Recently, Billington hosted their 10th annual Cybersecurity Summit, one of the premier cybersecurity conferences where industry leaders and government officials join together to discuss the current state of cybersecurity. Several key themes presented themselves throughout the two-day summit, including cloud, cybersecurity legislation, and DHS’s Continuous Diagnostics and Mitigation program (CDM). Kevin Cox, the program manager of CDM at CISA, and private sector experts involved in the program discussed new developments and some of the benefits of CDM.
While updating the audience on CDM, Cox teased several important updates to the program expected soon, including a new dashboard system and an algorithm that will show agencies how they’re doing with basic cybersecurity measures — the Agency-Wide Adaptive Risk Enumeration (AWARE) algorithm. Cox said that 50 federal agencies are reporting data to the federal dashboard, 74 smaller agencies are using the CDM shared services dashboard, and 31 agencies are reporting AWARE scores.
CDM has largely been a success throughout the federal government. According to a recent MeriTalk report, 85% of federal and industry stakeholders said that CDM has improved federal cybersecurity, with its most helpful capability being the increased visibility about the federal government’s cybersecurity posture. Now the program should move ahead on a cloud initiative, as federal agencies and organizations have been moving to cloud for some time, and many are in multi- or hybrid-cloud environments.
Cox noted that the program office would begin to address cloud security, specifically, “work[ing] with the DHS team, agencies, system integrators, and DHS Cybersecurity Division partners to determine the right approach and scope for a cloud security proof of concept.”
Another speaker at Billington, McAfee SVP and CTO Steve Grobman, took part in a panel devoted to cloud security.

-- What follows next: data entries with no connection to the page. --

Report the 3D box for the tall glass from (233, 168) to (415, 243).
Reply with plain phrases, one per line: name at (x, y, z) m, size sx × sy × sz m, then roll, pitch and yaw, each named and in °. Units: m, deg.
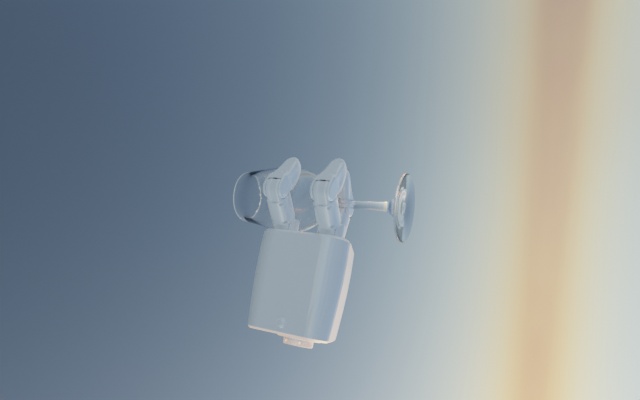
tall glass at (0.001, 0.002, 0.546) m, size 0.201 × 0.079 × 0.079 m, roll 5°, pitch 2°, yaw 25°
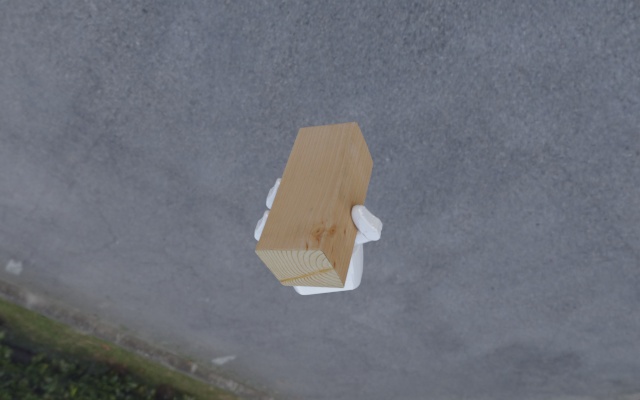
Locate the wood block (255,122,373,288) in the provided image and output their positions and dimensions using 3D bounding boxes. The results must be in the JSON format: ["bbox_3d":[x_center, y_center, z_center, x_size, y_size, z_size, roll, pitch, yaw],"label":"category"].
[{"bbox_3d":[0.000,0.002,0.634,0.091,0.206,0.090,-2,-38,24],"label":"wood block"}]
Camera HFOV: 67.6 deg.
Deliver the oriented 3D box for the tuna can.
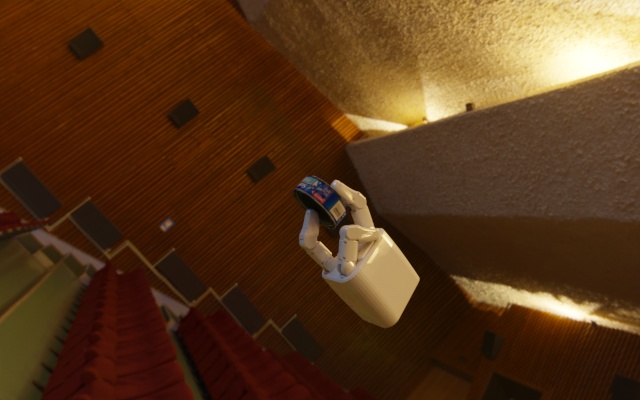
[{"bbox_3d":[0.000,0.002,0.725,0.086,0.033,0.086,39,-16,13],"label":"tuna can"}]
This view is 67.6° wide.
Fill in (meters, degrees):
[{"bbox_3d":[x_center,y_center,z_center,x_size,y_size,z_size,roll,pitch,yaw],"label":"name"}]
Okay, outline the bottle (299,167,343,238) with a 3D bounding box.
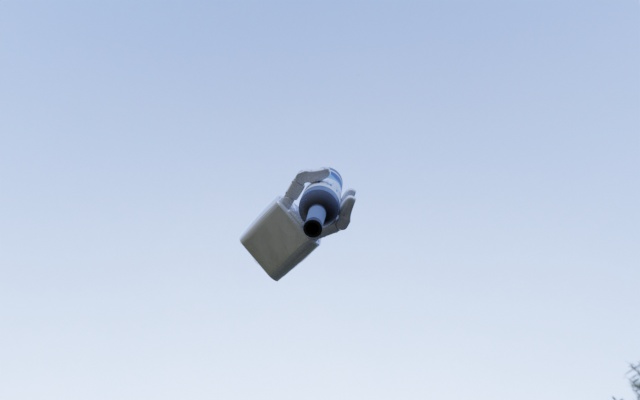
[{"bbox_3d":[0.000,0.003,0.811,0.069,0.069,0.295,0,15,5],"label":"bottle"}]
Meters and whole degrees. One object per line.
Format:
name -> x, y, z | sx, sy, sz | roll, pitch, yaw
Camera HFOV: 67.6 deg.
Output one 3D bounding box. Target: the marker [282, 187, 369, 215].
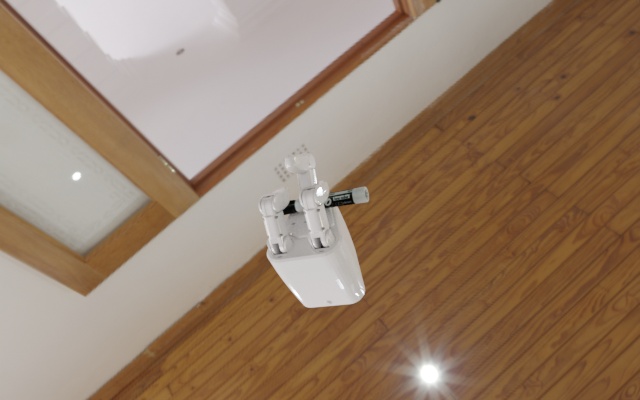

The conversation focused on the differences between traditional computing and cloud computing, current cybersecurity issues, and how policy can change that landscape.
“Cloud has given us the ability to redefine the security architecture,” said Grobman. “Although we can secure our environment using a lot of new capabilities, we need to recognize that the scale that cloud operates and that the issues are going to be bigger.”

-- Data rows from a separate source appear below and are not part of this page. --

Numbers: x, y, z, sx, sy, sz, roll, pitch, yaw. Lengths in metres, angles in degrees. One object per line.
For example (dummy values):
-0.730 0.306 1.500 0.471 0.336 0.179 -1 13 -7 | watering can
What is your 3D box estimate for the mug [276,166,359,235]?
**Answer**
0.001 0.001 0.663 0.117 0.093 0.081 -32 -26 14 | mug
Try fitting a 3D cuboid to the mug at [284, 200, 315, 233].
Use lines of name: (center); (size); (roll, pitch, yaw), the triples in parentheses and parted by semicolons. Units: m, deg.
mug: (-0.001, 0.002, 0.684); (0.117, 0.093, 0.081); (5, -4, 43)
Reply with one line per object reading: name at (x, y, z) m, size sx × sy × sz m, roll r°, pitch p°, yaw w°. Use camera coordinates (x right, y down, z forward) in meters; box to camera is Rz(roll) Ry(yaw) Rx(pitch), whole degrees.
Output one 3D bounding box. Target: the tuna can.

Moving applications and infrastructure to the cloud securely is something government agencies need to prioritize, and programs like CDM should give the workforce and federal agencies the tools they need to make this important transition. McAfee is working with federal, state and local governments to adopt cloud capabilities to better detect threats and establish procedures to work through how to recover.

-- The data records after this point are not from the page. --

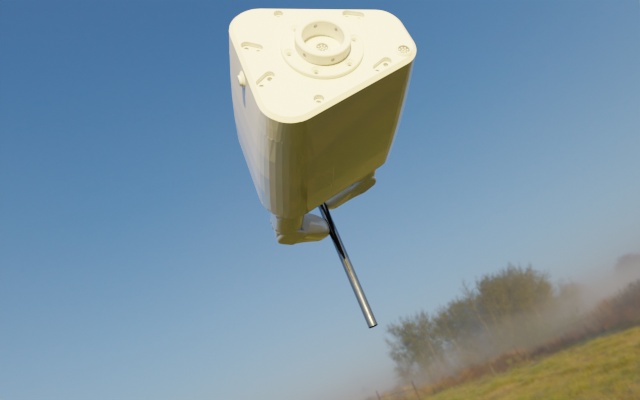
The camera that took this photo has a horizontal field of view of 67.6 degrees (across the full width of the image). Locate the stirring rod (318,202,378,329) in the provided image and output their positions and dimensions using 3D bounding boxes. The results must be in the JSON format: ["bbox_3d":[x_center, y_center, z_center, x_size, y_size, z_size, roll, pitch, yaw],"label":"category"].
[{"bbox_3d":[0.000,0.001,0.434,0.011,0.239,0.011,-18,-27,-10],"label":"stirring rod"}]
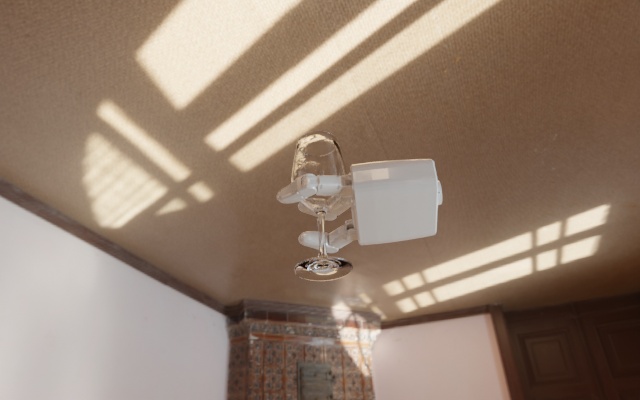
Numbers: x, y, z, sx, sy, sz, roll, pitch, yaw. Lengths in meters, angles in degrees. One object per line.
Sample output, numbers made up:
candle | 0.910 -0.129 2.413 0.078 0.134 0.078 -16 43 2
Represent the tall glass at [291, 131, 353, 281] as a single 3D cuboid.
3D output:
tall glass | 0.000 0.003 0.649 0.079 0.201 0.079 -2 -31 -1
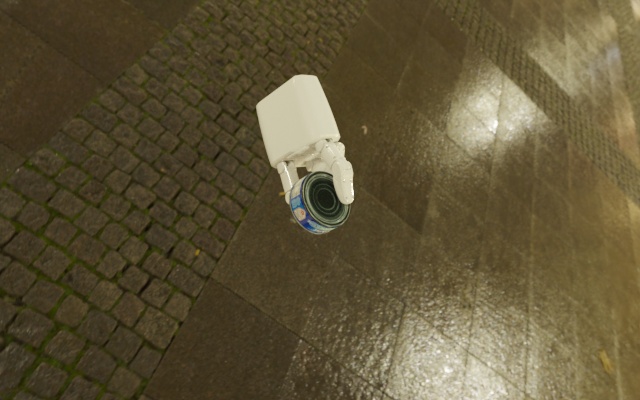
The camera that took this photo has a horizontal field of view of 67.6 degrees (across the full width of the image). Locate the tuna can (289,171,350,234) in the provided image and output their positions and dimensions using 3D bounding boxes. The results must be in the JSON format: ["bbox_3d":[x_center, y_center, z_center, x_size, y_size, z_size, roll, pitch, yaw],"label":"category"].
[{"bbox_3d":[0.000,0.002,0.673,0.086,0.086,0.034,0,-19,-38],"label":"tuna can"}]

Supporting CDM has been one of McAfee’s highest priorities for the past 10 years. We designed several products specifically to meet CDM requirements, and we remain committed to making the aims of CDM a reality both today and well into the future. We also appreciate that organizations such as Billington continue to advance the conversation on important topics like both CDM and cloud security. and look forward to assisting our federal partners on both.